At idle the voltage should be under or just at 12

At higher rpm it should be 12 or higher
 
Ok, with car at idle 900-1000 rpm head lights, heater, brakes, turn signal voltage reading 11.5 @ volt meter, increasing rpm does not make voltage increase
 
Or... Your battery is fully charged!

Turn on headlights, press the brake pedal, turn in the heater fan and check the voltage then. Also be sure you do this at idle AND at 1000 to 2000 rpm.

( My reference to 12 volts is the nominal voltage, maybe it's 12.8 or 12.4 or the like)


At idle the voltage should be under or just at 12

At higher rpm it should be 12 or higher

No, no no. Sorry, no.

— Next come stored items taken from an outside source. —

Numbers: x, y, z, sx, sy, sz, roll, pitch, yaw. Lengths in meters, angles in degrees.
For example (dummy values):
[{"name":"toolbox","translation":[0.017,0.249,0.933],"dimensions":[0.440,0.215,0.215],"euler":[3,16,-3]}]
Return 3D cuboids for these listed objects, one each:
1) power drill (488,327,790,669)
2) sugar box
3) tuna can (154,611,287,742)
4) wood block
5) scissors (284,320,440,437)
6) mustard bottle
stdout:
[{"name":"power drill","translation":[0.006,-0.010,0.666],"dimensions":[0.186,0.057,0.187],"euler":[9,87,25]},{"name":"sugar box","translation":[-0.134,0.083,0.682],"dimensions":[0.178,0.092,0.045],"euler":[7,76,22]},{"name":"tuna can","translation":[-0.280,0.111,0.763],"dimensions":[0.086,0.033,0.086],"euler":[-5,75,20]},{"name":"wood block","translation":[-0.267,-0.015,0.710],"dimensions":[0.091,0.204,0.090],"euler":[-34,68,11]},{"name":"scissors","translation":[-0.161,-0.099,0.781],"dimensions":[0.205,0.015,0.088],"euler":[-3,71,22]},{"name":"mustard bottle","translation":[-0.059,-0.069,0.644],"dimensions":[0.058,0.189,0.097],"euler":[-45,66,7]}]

If the alternator is running fast enough to charge and overcome the load, and if the battery is healthy and "up" it should run nominal 14. "You can't say" what it should be at idle for several reasons.........don't know what the load is, the battery state of charge, how much that alternator can put out "at idle," or even "what" the idle RPM is.

If the battery is dead enough, output can read somewhat low, but under "low-med cruise" RPM it will almost always come up 13V+ depending on the output rating of the alternator and battery state.